Deferred credits and other liabilities also consists of asset retirement obligations as discussed in Note 1h and regulatory liabilities in Note 1q.
q. Regulatory assets and liabilities
We apply the accounting guidance for regulated operations. Regulatory assets represent certain costs that are probable of recovery from our members in future revenues through rates established under the wholesale power contracts we have with
each of our members. These contracts extend through December 31, 2050. Regulatory liabilities represent certain items of income that we are retaining and that will be applied in the future to reduce revenues required to be recovered from members.
(dollars in thousands)
20192018
Regulatory Assets:
Premium and loss on reacquired debt(a)$40,067  $46,315  
Amortization on financing leases(b)35,433  34,918  
Outage costs(c)34,367  36,352  
Asset retirement obligations –  Ashpond and other(k)245,932  137,835  
Asset retirement obligations –  Nuclear(k)—  7,031  
Depreciation expense(d)39,820  41,244  
Deferred charges related to Vogtle Units No. 3 and No. 4 training costs(e)53,466  51,549  
Interest rate options cost(f)121,938  116,960  
Deferral of effects on net margin – Smith Energy Facility(g)154,564  160,509  
Other regulatory assets(m)37,925  22,350  
Total Regulatory Assets$763,512  $655,063  
Regulatory Liabilities:
Accumulated retirement costs for other obligations(h)$12,692  $13,873  
Deferral of effects on net margin – Hawk Road Energy Facility(g)18,485  19,101  
Major maintenance reserve(i)50,144  45,547  
Amortization on financing leases(b)14,256  17,156  
Deferred debt service adder(j)114,453  105,192  
Asset retirement obligations – Nuclear(k)61,516  —  
Revenue deferral plan(l)90,066  15,670  
Other regulatory liabilities(m)2,629  2,459  
Total Regulatory Liabilities$364,241  $218,998  
Net regulatory assets$399,271  $436,065  
(a)Represents premiums paid, together with unamortized transaction costs related to reacquired debt that are being amortized over the lives of the refunding debt, which range up to 24 years.

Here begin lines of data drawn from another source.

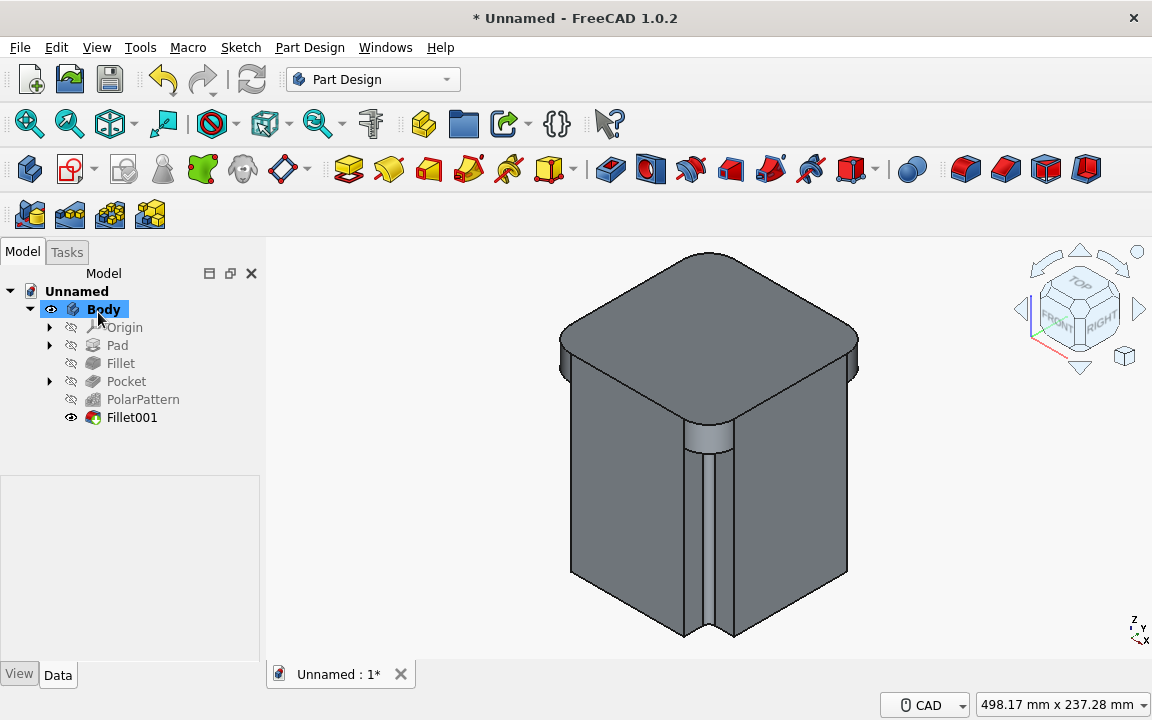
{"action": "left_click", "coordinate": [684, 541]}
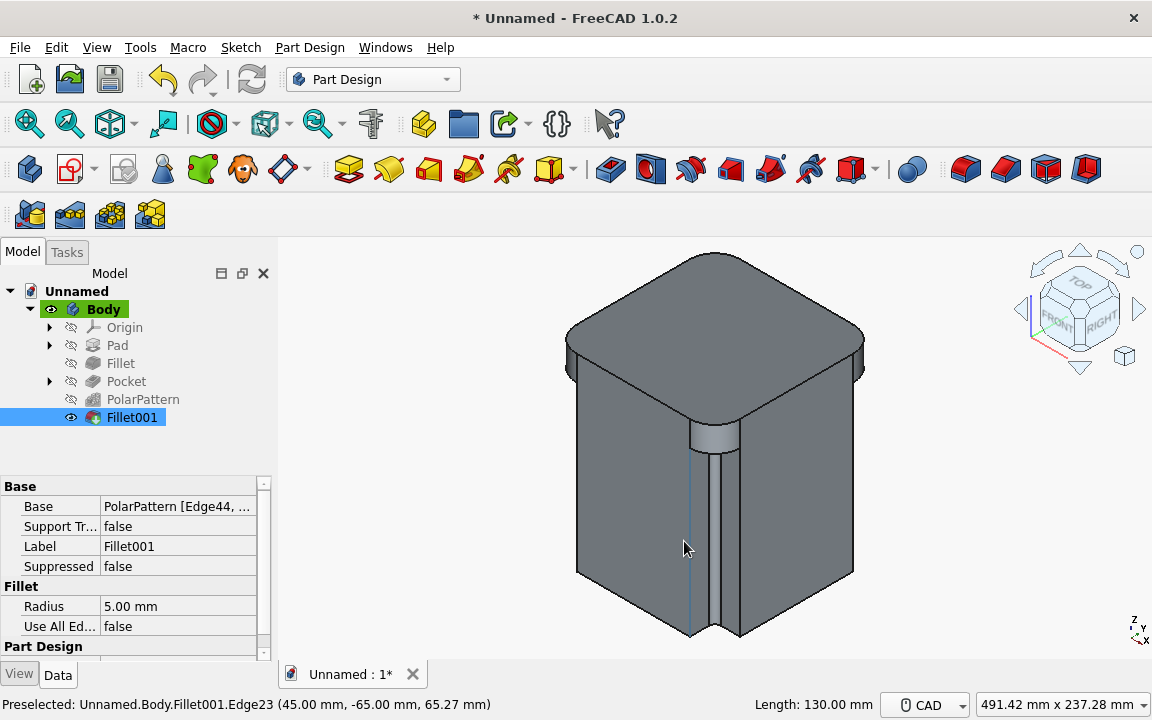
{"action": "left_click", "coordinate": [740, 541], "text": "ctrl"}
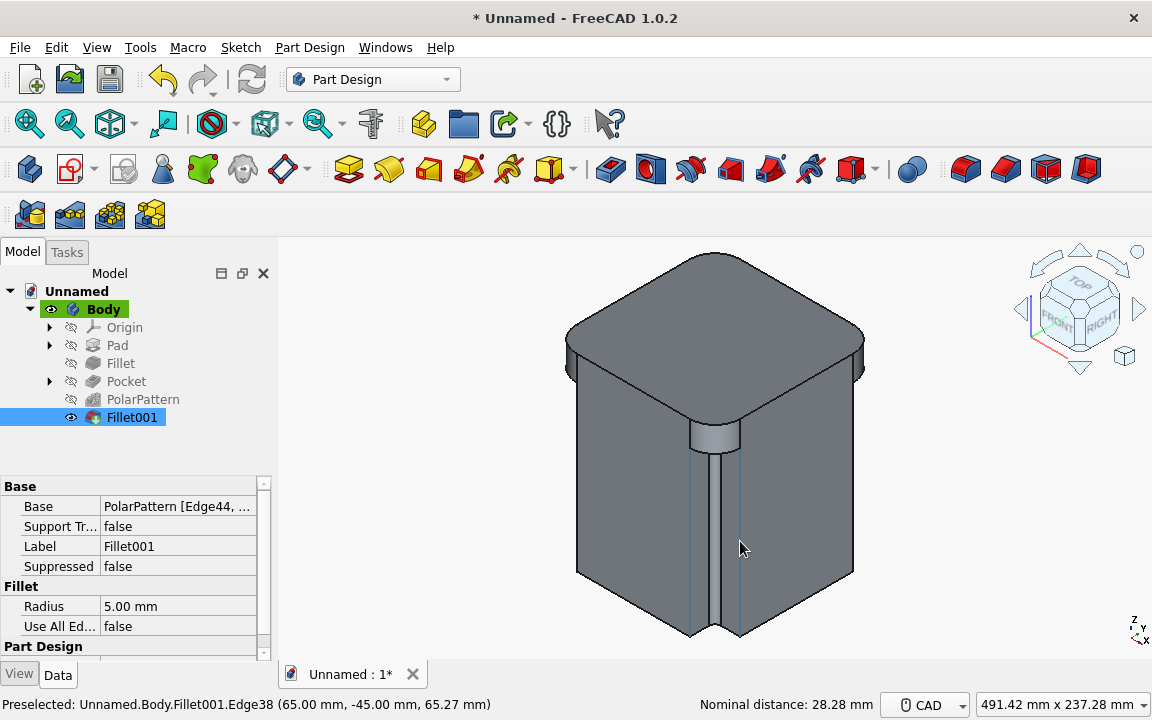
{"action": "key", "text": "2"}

(b)Represents the difference between expense recognized for rate-making purposes versus financial statement purposes related to finance lease payments and the aggregate of the amortization of the asset and interest on the obligation.
(c)Consists of both coal-fired maintenance and nuclear refueling outage costs. Coal-fired outage costs are amortized on a straight-line basis to expense over periods up to 48 months, depending on the operating cycle of each unit. Nuclear refueling outage costs are amortized on a straight-line basis to expense over the 18 or 24-month operating cycles of each unit.
(d)Prior to Nuclear Regulatory Commission (NRC) approval of a 20-year license extension for Plant Vogtle, we deferred the difference between Plant Vogtle depreciation expense based on the then 40-year operating license and depreciation expense assuming an expected 20-year license extension. Amortization commenced upon NRC approval of the license extension in 2009 and is being amortized over the remaining life of the plant.
(e)Deferred charges consist of training related costs, including interest and carrying costs of such training. Amortization will commence effective with the commercial operation date of each unit and amortized to expense over the life of the units.
(f)Deferral of premiums paid to purchase interest rate options used to hedge interest rates on certain borrowings, related carrying costs and other incidentals associated with construction of Vogtle Units No. 3 and No. 4. Amortization will commence when Vogtle Unit 3 goes in-service, which is expected November 2021.
(g)Effects on net margin for Smith and Hawk Road Energy Facilities were deferred through the end of 2015 and are being amortized over the remaining life of each respective plant.
(h)Represents the accrual of retirement costs associated with long-lived assets for which there are no legal obligations to retire the assets.
(i)Represents collections for future major maintenance costs; revenues are recognized as major maintenance costs are incurred.
(j)Represents collections to fund certain debt payments to be made through the end of 2025 which will be in excess of amounts collected through depreciation expense; the deferred credits will be amortized over the remaining useful life of the plants.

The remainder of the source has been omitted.